Ideally, and this is not in the TCP spec, just common sense given the situation: on timeout the sender should retransmit only the first (oldest) unack'ed packet, then wait for the corresponding ack (or do another retransmit if the ack doesn't come) before continuing with the next packet if still unack'ed. However, ktcp cannot do that because the retrans buffer does not track connections. It's just a collection of packets with a timeout. There is no link between packets belonging to the same connection, and keeping track of retransmits per connection becomes rather complicated.

Such added complexity is as undesirable as the original simplicity is attractive. Fortunately, there is another way - a 'trick' or 'kludge' or whatever, that turns out to work quite well. With the implementation of the new algorithms in ktcp came - for convenience - a per connection counter keeping track of the number of outstanding (unack'ed) packets, commonly known as packets inflight. In most cases when there is a retransmit timeout, the retransmit buffer is fille with packets belonging to this particular connection, which means there are between 3 and 6 packets inflight. Adding this number to the timeout value (unit = 1/16s) before retransmitting any packet turns out to work well not only as a remedy for the dump-all-packets problem, but for retransmits in general: In many cases giving the slow peer just enough time to ACK one or more inflight packet and get the flow going again.

An interesting question is why the congestion avoidance algorithm doesn't fix this problem. After all, this seems to be exactly the type of problem it is aimed at - a 'lost' packet and a retransmit timeout. The answer is - it does, but the implementation doesn't. Also, there is a grey-area here, because the packets in the retransmit buffer aren't part of the main flow. Regardless, the implementation should ensure that this doesn't happen, which is what we were just discussing: The implementation should ensure that dumping of the retransmit buffer, which keeps the receiver busy receiving instead of sending more acks, doesn't (cannot) happen.

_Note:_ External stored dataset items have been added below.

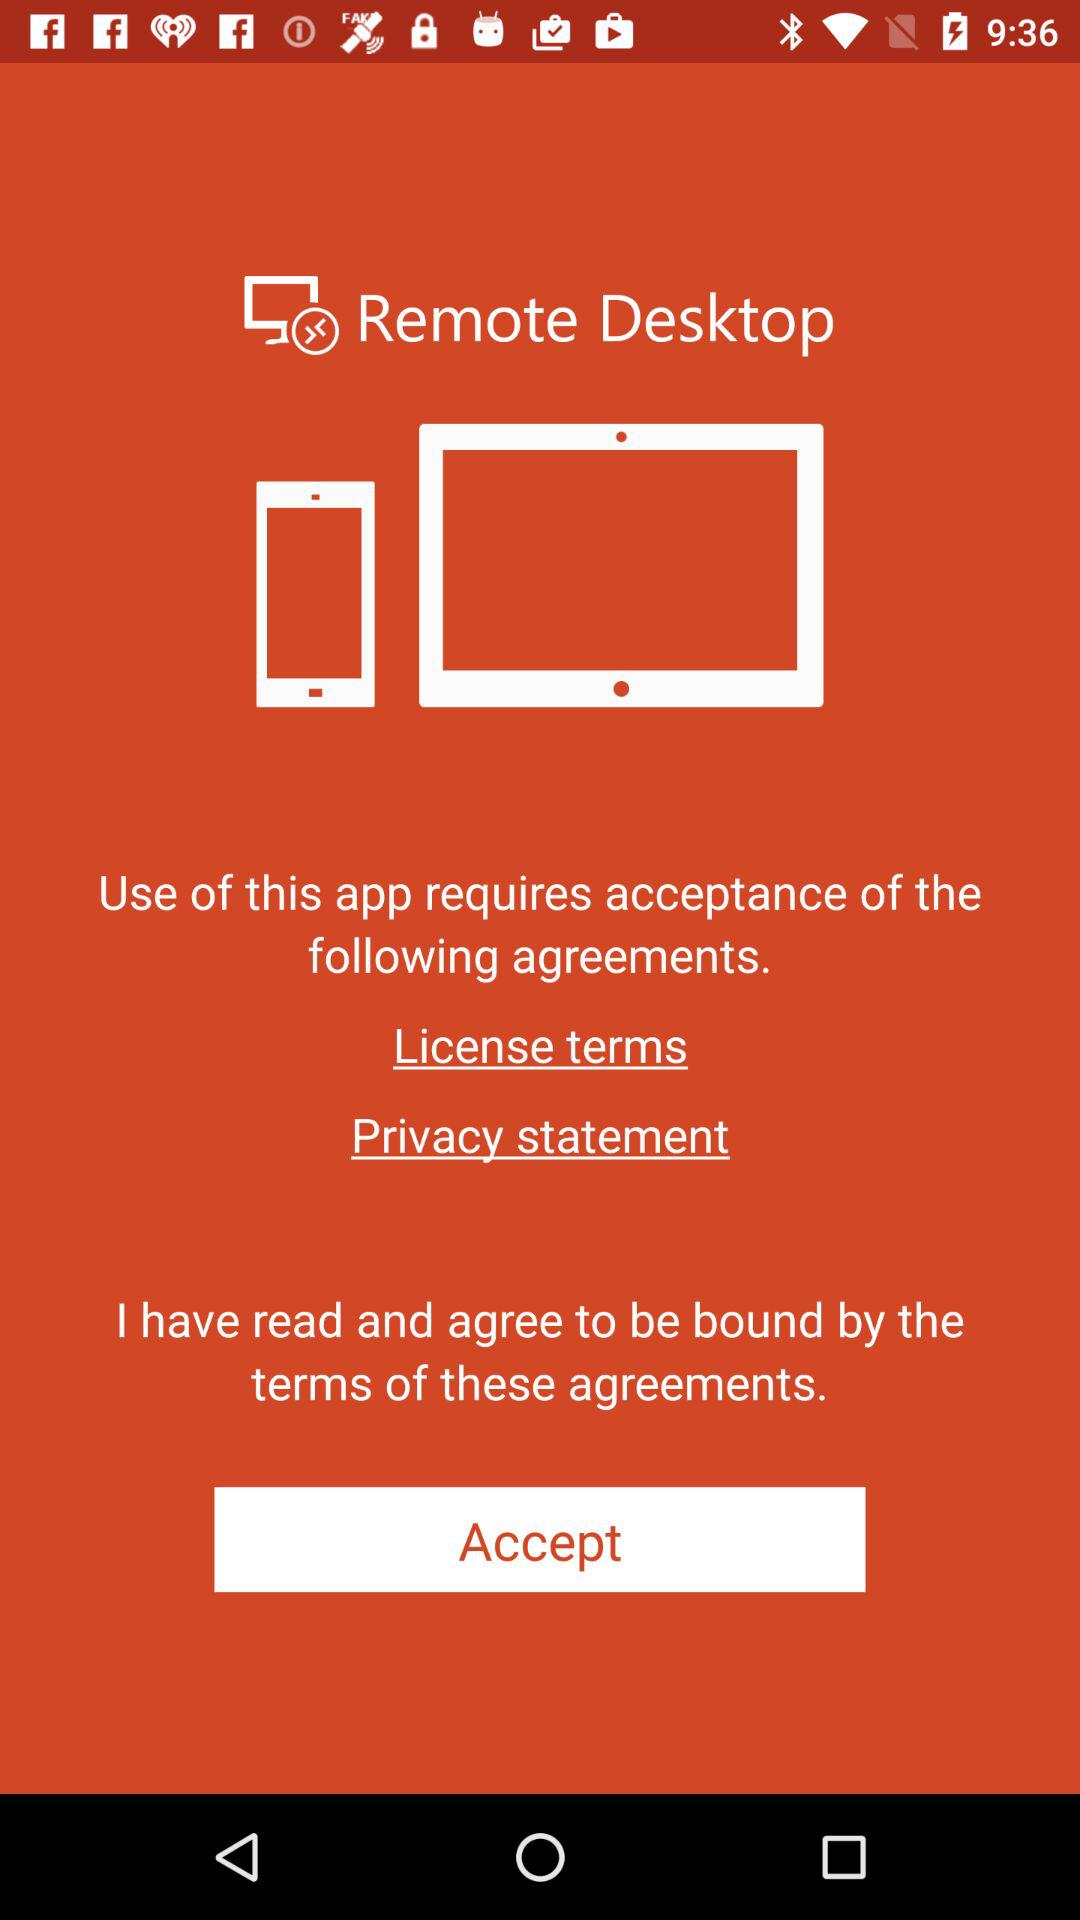What is the agreement for the application? The agreements are "License terms" and "Privacy statement". 
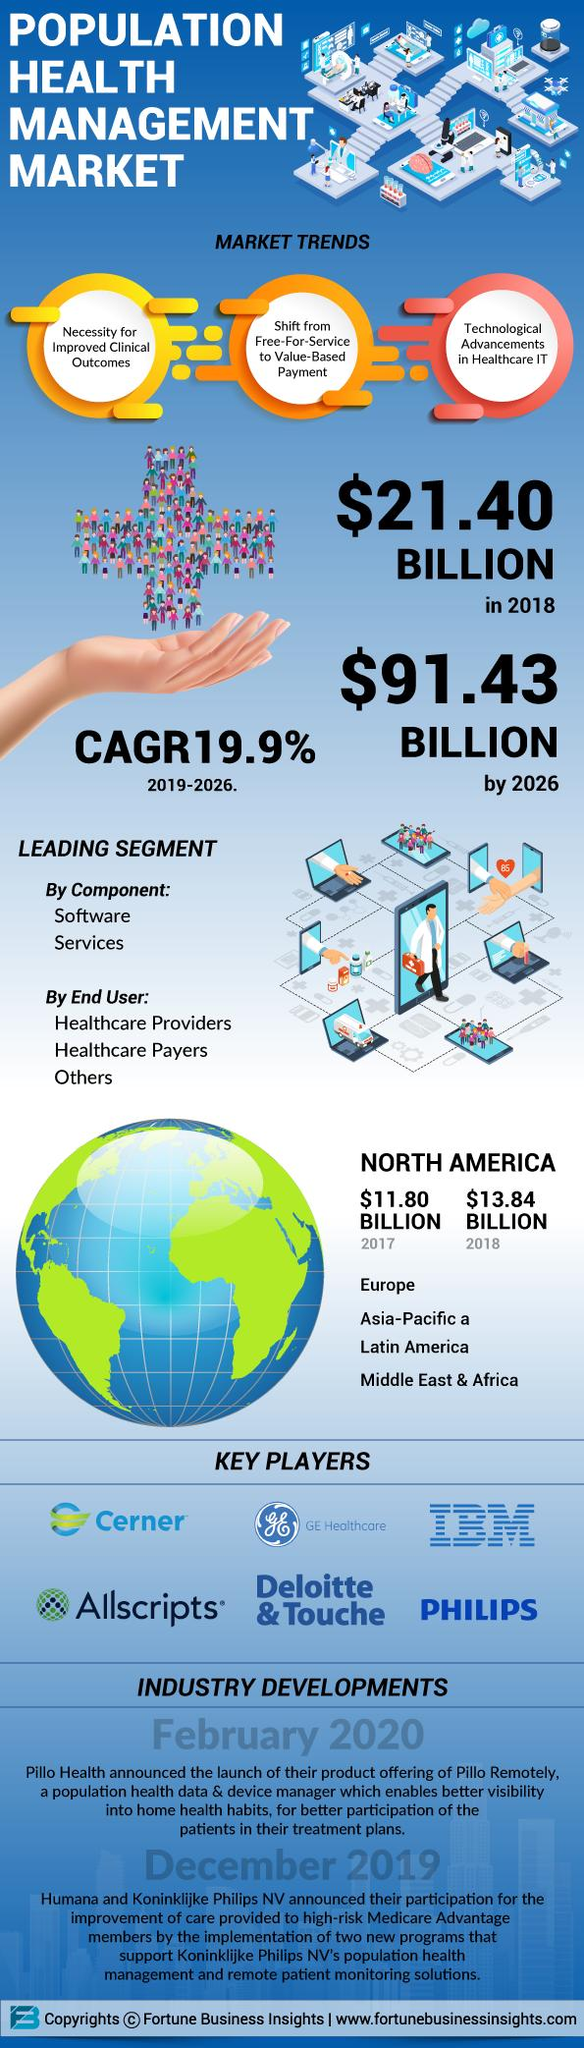Mention a couple of crucial points in this snapshot. There are six key players mentioned in this infographic. 
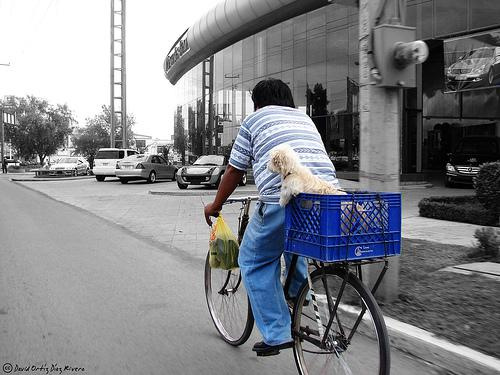Question: why is he riding the bike?
Choices:
A. Transportation.
B. For exercise.
C. For fun.
D. To race.
Answer with the letter. Answer: A Question: who is riding the bike?
Choices:
A. Two men.
B. Person.
C. Two women.
D. Two children.
Answer with the letter. Answer: B Question: what color is the tires?
Choices:
A. Grey.
B. White.
C. Blue.
D. Black.
Answer with the letter. Answer: D Question: how many dogs are there?
Choices:
A. 7.
B. 8.
C. 9.
D. 1.
Answer with the letter. Answer: D 
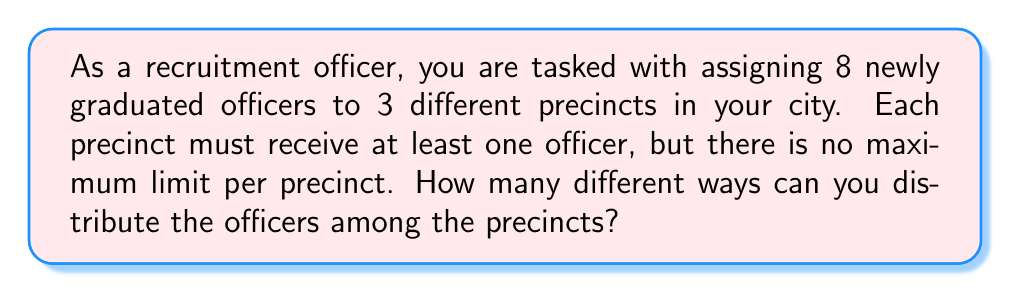Show me your answer to this math problem. This problem can be solved using the concept of combinations with repetition, also known as stars and bars.

1) We have 8 officers to distribute (the stars) and 2 dividers (the bars) to separate the 3 precincts.

2) The total number of positions we need to consider is:
   8 officers + 2 dividers = 10 positions

3) We need to choose 2 positions out of these 10 for the dividers. Once the dividers are placed, the distribution of officers is determined.

4) This is equivalent to choosing 2 items from 10, where order doesn't matter. This is represented by the combination formula:

   $$\binom{10}{2} = \frac{10!}{2!(10-2)!} = \frac{10!}{2!8!}$$

5) Calculating this:
   $$\frac{10 * 9}{2 * 1} = \frac{90}{2} = 45$$

Therefore, there are 45 different ways to distribute the officers.

Note: This method ensures that each precinct gets at least one officer because we are using 2 dividers to create 3 non-empty groups.
Answer: 45 ways 
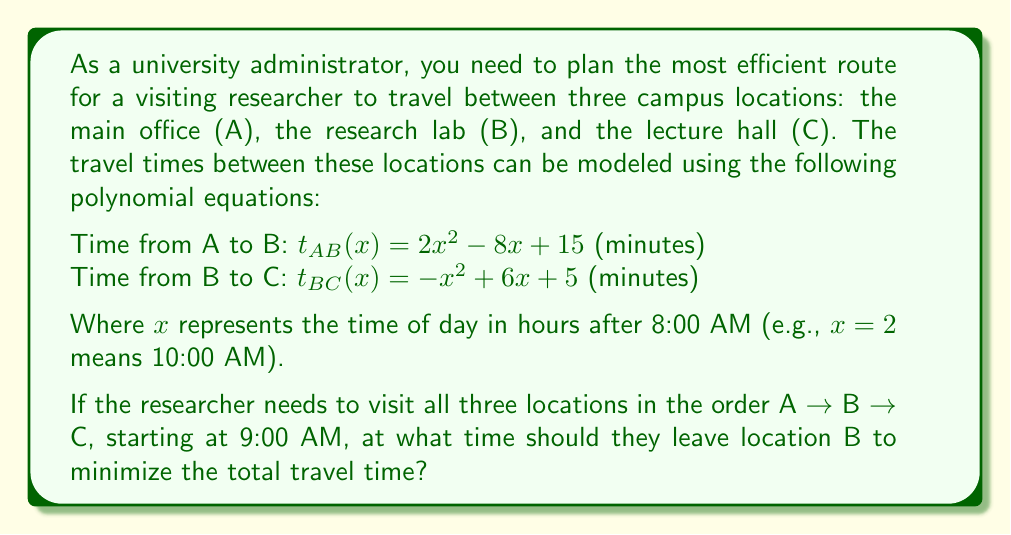Give your solution to this math problem. Let's approach this problem step by step:

1) First, we need to calculate the time it takes to go from A to B, starting at 9:00 AM.
   At 9:00 AM, $x = 1$ (1 hour after 8:00 AM)
   $t_{AB}(1) = 2(1)^2 - 8(1) + 15 = 2 - 8 + 15 = 9$ minutes

2) Now, we need to find the minimum time for the journey from B to C.
   To do this, we need to find the minimum of the function $t_{BC}(x) = -x^2 + 6x + 5$

3) To find the minimum, we differentiate $t_{BC}(x)$ and set it to zero:
   $\frac{d}{dx}t_{BC}(x) = -2x + 6$
   $-2x + 6 = 0$
   $-2x = -6$
   $x = 3$

4) The second derivative is negative ($-2$), confirming this is a maximum.
   Therefore, the minimum occurs at the edges of our domain.

5) We need to consider the domain of $x$. The researcher arrives at B at 9:09 AM, 
   which is $x = 1.15$ hours after 8:00 AM.

6) Let's calculate $t_{BC}(x)$ for $x = 1.15$ and for the end of the day, say $x = 8$ (4:00 PM):
   $t_{BC}(1.15) = -(1.15)^2 + 6(1.15) + 5 = 10.7775$ minutes
   $t_{BC}(8) = -(8)^2 + 6(8) + 5 = -11$ minutes (which is not possible in reality)

7) Therefore, the minimum travel time occurs when leaving immediately upon arrival at B.
Answer: 9:09 AM 
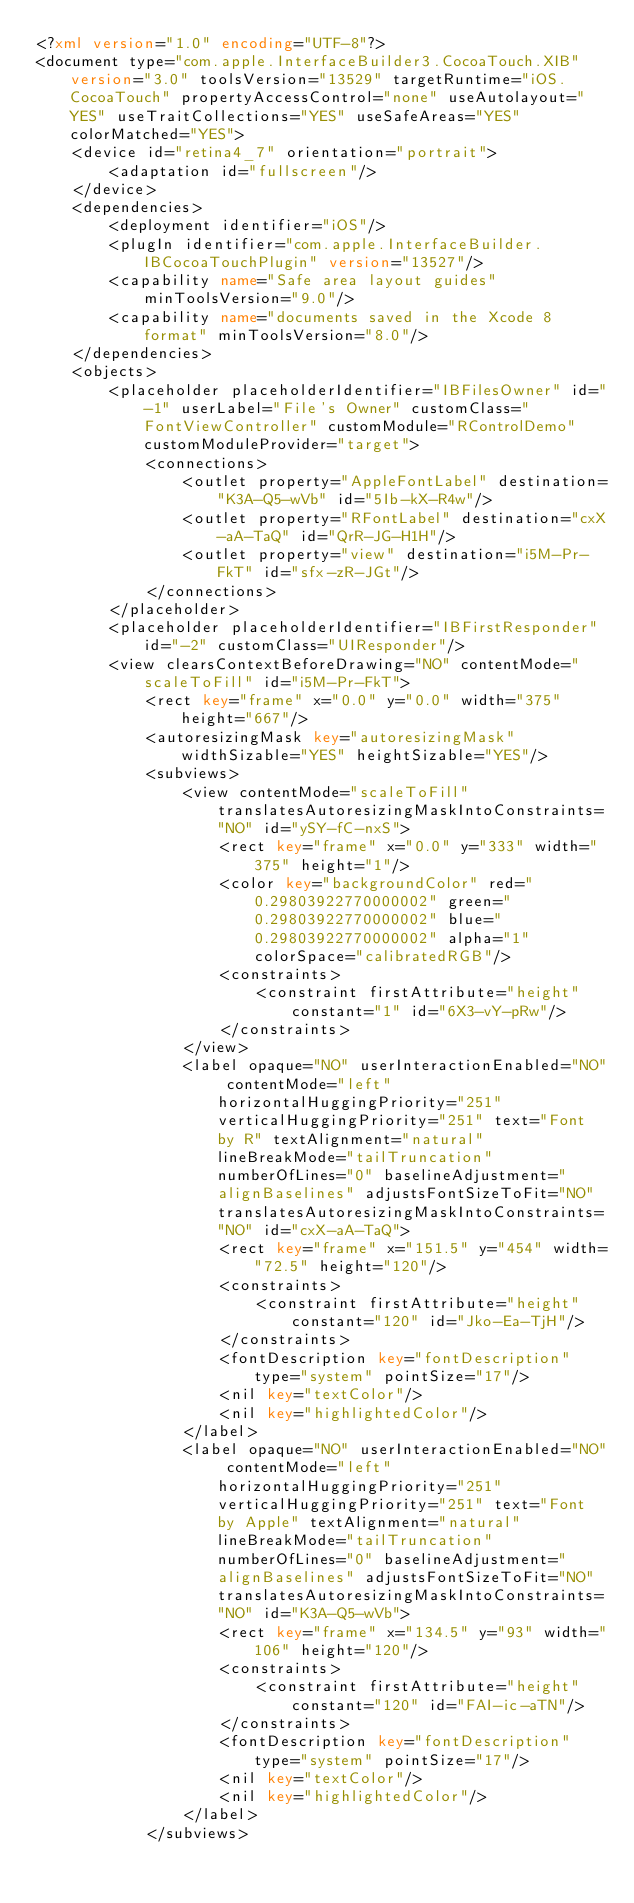Convert code to text. <code><loc_0><loc_0><loc_500><loc_500><_XML_><?xml version="1.0" encoding="UTF-8"?>
<document type="com.apple.InterfaceBuilder3.CocoaTouch.XIB" version="3.0" toolsVersion="13529" targetRuntime="iOS.CocoaTouch" propertyAccessControl="none" useAutolayout="YES" useTraitCollections="YES" useSafeAreas="YES" colorMatched="YES">
    <device id="retina4_7" orientation="portrait">
        <adaptation id="fullscreen"/>
    </device>
    <dependencies>
        <deployment identifier="iOS"/>
        <plugIn identifier="com.apple.InterfaceBuilder.IBCocoaTouchPlugin" version="13527"/>
        <capability name="Safe area layout guides" minToolsVersion="9.0"/>
        <capability name="documents saved in the Xcode 8 format" minToolsVersion="8.0"/>
    </dependencies>
    <objects>
        <placeholder placeholderIdentifier="IBFilesOwner" id="-1" userLabel="File's Owner" customClass="FontViewController" customModule="RControlDemo" customModuleProvider="target">
            <connections>
                <outlet property="AppleFontLabel" destination="K3A-Q5-wVb" id="5Ib-kX-R4w"/>
                <outlet property="RFontLabel" destination="cxX-aA-TaQ" id="QrR-JG-H1H"/>
                <outlet property="view" destination="i5M-Pr-FkT" id="sfx-zR-JGt"/>
            </connections>
        </placeholder>
        <placeholder placeholderIdentifier="IBFirstResponder" id="-2" customClass="UIResponder"/>
        <view clearsContextBeforeDrawing="NO" contentMode="scaleToFill" id="i5M-Pr-FkT">
            <rect key="frame" x="0.0" y="0.0" width="375" height="667"/>
            <autoresizingMask key="autoresizingMask" widthSizable="YES" heightSizable="YES"/>
            <subviews>
                <view contentMode="scaleToFill" translatesAutoresizingMaskIntoConstraints="NO" id="ySY-fC-nxS">
                    <rect key="frame" x="0.0" y="333" width="375" height="1"/>
                    <color key="backgroundColor" red="0.29803922770000002" green="0.29803922770000002" blue="0.29803922770000002" alpha="1" colorSpace="calibratedRGB"/>
                    <constraints>
                        <constraint firstAttribute="height" constant="1" id="6X3-vY-pRw"/>
                    </constraints>
                </view>
                <label opaque="NO" userInteractionEnabled="NO" contentMode="left" horizontalHuggingPriority="251" verticalHuggingPriority="251" text="Font by R" textAlignment="natural" lineBreakMode="tailTruncation" numberOfLines="0" baselineAdjustment="alignBaselines" adjustsFontSizeToFit="NO" translatesAutoresizingMaskIntoConstraints="NO" id="cxX-aA-TaQ">
                    <rect key="frame" x="151.5" y="454" width="72.5" height="120"/>
                    <constraints>
                        <constraint firstAttribute="height" constant="120" id="Jko-Ea-TjH"/>
                    </constraints>
                    <fontDescription key="fontDescription" type="system" pointSize="17"/>
                    <nil key="textColor"/>
                    <nil key="highlightedColor"/>
                </label>
                <label opaque="NO" userInteractionEnabled="NO" contentMode="left" horizontalHuggingPriority="251" verticalHuggingPriority="251" text="Font by Apple" textAlignment="natural" lineBreakMode="tailTruncation" numberOfLines="0" baselineAdjustment="alignBaselines" adjustsFontSizeToFit="NO" translatesAutoresizingMaskIntoConstraints="NO" id="K3A-Q5-wVb">
                    <rect key="frame" x="134.5" y="93" width="106" height="120"/>
                    <constraints>
                        <constraint firstAttribute="height" constant="120" id="FAI-ic-aTN"/>
                    </constraints>
                    <fontDescription key="fontDescription" type="system" pointSize="17"/>
                    <nil key="textColor"/>
                    <nil key="highlightedColor"/>
                </label>
            </subviews></code> 
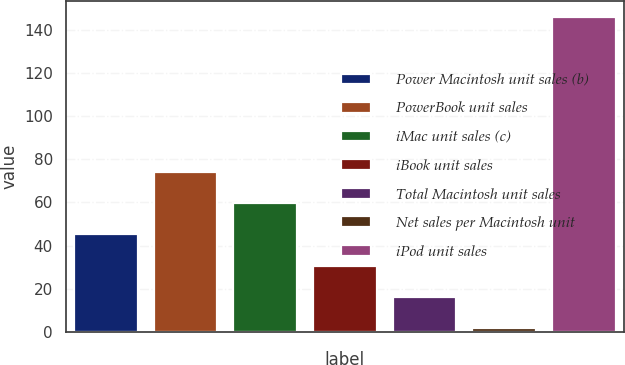Convert chart. <chart><loc_0><loc_0><loc_500><loc_500><bar_chart><fcel>Power Macintosh unit sales (b)<fcel>PowerBook unit sales<fcel>iMac unit sales (c)<fcel>iBook unit sales<fcel>Total Macintosh unit sales<fcel>Net sales per Macintosh unit<fcel>iPod unit sales<nl><fcel>45.2<fcel>74<fcel>59.6<fcel>30.8<fcel>16.4<fcel>2<fcel>146<nl></chart>

There are two more measures which turn out to improve the retransmit situation. One is an adjustment of the weighting in the RTT convergence algorithm. For every packet acked, ktcp calculates the round trip time (RTT) for this packet. The RTT is then used to update the connection RTT (and subsequently the RTO). [to be continued]…

The other is the size of the retransmit buffer: Too small and it kills performance, too large and it kills recovery from a retransmit. (A good size seems to be - with the current test-regime - 1560. Using MAX/2 is too large. [to be continued]

Worst case test scenarios

There are two settings that create 'extreme' network delays in a TLVC/ELKS system. The most obvious is floppy I/O. When the recipient system needs to write to/flush buffers to floppy and the IO passes via the BIOS, the delays can often men measured in seconds. Should the system have a large buffer cache (possibly even xms buffers) and a sync() hits, many seconds may elapse before the system is responsive again. Fortunately, on really slow (XT-class) systems, there will never be a XMS buffer cache, which will limit the max delay.

While this may not be anywhere close to a normal setting, it needs to be handled in a reasonable (robust, predictable and reliable) manner. In this setting, real packet loss due to NIC buffer overruns are common. Using the direct floppy driver makes a significant difference, but doesn't eliminate the problem.

The other setting is when the user accesses the slow system via a serial line, running at say 9600 (the actual output speed is lower - and variable depending on load), then telnets to different TLVC/ELKS system - which may be faster or the same speed - and runs a long listing, such as hd /bin/vi to the terminal. The delays caused by waiting for the serial line output (currently not interrupt driven) at this speed, turn out to be a real worst case scenario for ktcp.